§ **TASK**: Every record must be given again word for word; no picture belongs in the copy.

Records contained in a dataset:
* * * * *

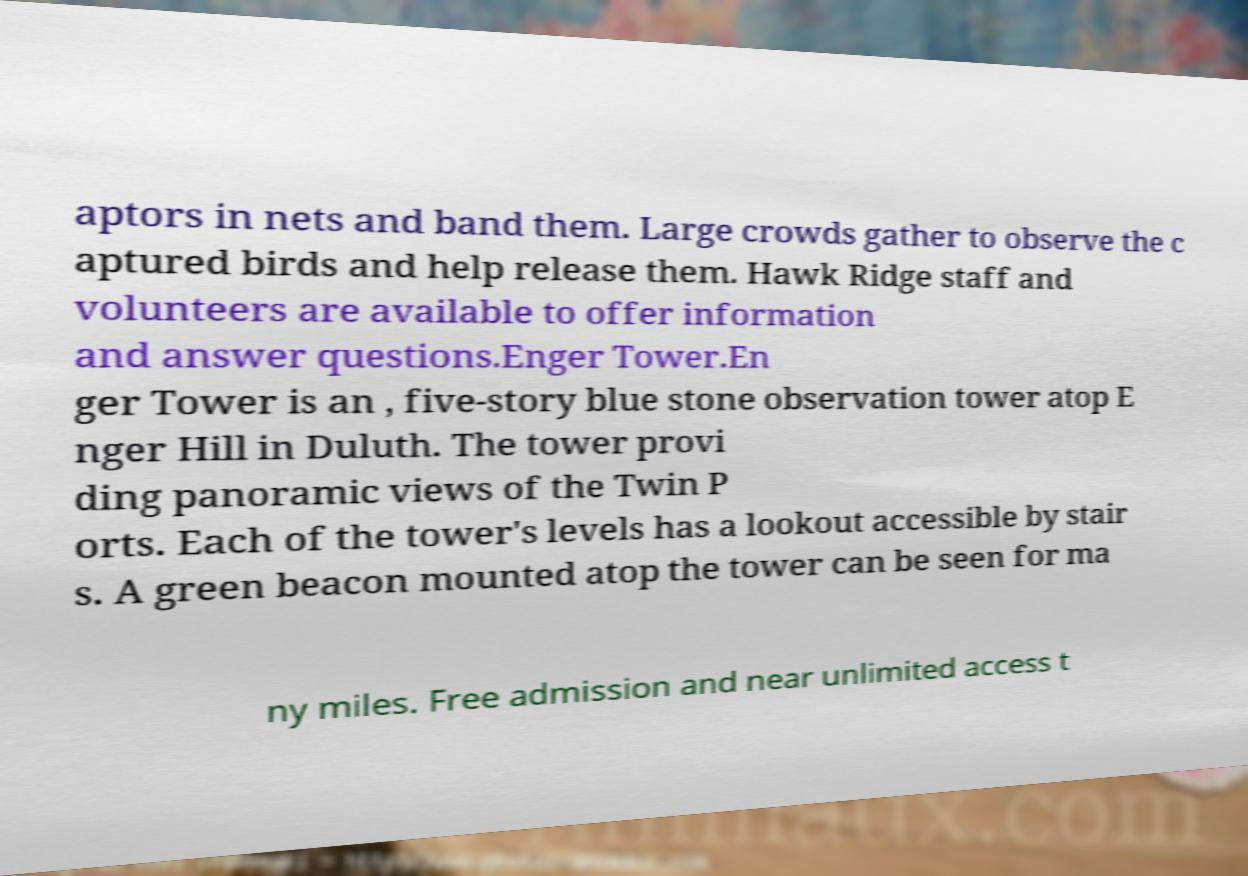Can you read and provide the text displayed in the image?This photo seems to have some interesting text. Can you extract and type it out for me? aptors in nets and band them. Large crowds gather to observe the c aptured birds and help release them. Hawk Ridge staff and volunteers are available to offer information and answer questions.Enger Tower.En ger Tower is an , five-story blue stone observation tower atop E nger Hill in Duluth. The tower provi ding panoramic views of the Twin P orts. Each of the tower's levels has a lookout accessible by stair s. A green beacon mounted atop the tower can be seen for ma ny miles. Free admission and near unlimited access t 
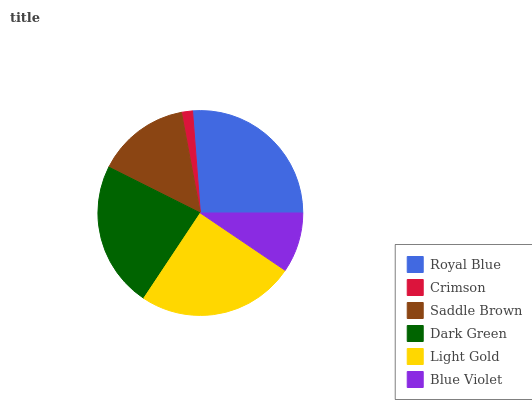Is Crimson the minimum?
Answer yes or no. Yes. Is Royal Blue the maximum?
Answer yes or no. Yes. Is Saddle Brown the minimum?
Answer yes or no. No. Is Saddle Brown the maximum?
Answer yes or no. No. Is Saddle Brown greater than Crimson?
Answer yes or no. Yes. Is Crimson less than Saddle Brown?
Answer yes or no. Yes. Is Crimson greater than Saddle Brown?
Answer yes or no. No. Is Saddle Brown less than Crimson?
Answer yes or no. No. Is Dark Green the high median?
Answer yes or no. Yes. Is Saddle Brown the low median?
Answer yes or no. Yes. Is Crimson the high median?
Answer yes or no. No. Is Crimson the low median?
Answer yes or no. No.

* * * * *

§ **REPLY**:
Can you read and provide the text displayed in the image?This photo seems to have some interesting text. Can you extract and type it out for me? aptors in nets and band them. Large crowds gather to observe the c aptured birds and help release them. Hawk Ridge staff and volunteers are available to offer information and answer questions.Enger Tower.En ger Tower is an , five-story blue stone observation tower atop E nger Hill in Duluth. The tower provi ding panoramic views of the Twin P orts. Each of the tower's levels has a lookout accessible by stair s. A green beacon mounted atop the tower can be seen for ma ny miles. Free admission and near unlimited access t 
Is Crimson the minimum?
Answer yes or no. Yes. Is Royal Blue the maximum?
Answer yes or no. Yes. Is Saddle Brown the minimum?
Answer yes or no. No. Is Saddle Brown the maximum?
Answer yes or no. No. Is Saddle Brown greater than Crimson?
Answer yes or no. Yes. Is Crimson less than Saddle Brown?
Answer yes or no. Yes. Is Crimson greater than Saddle Brown?
Answer yes or no. No. Is Saddle Brown less than Crimson?
Answer yes or no. No. Is Dark Green the high median?
Answer yes or no. Yes. Is Saddle Brown the low median?
Answer yes or no. Yes. Is Crimson the high median?
Answer yes or no. No. Is Crimson the low median?
Answer yes or no. No.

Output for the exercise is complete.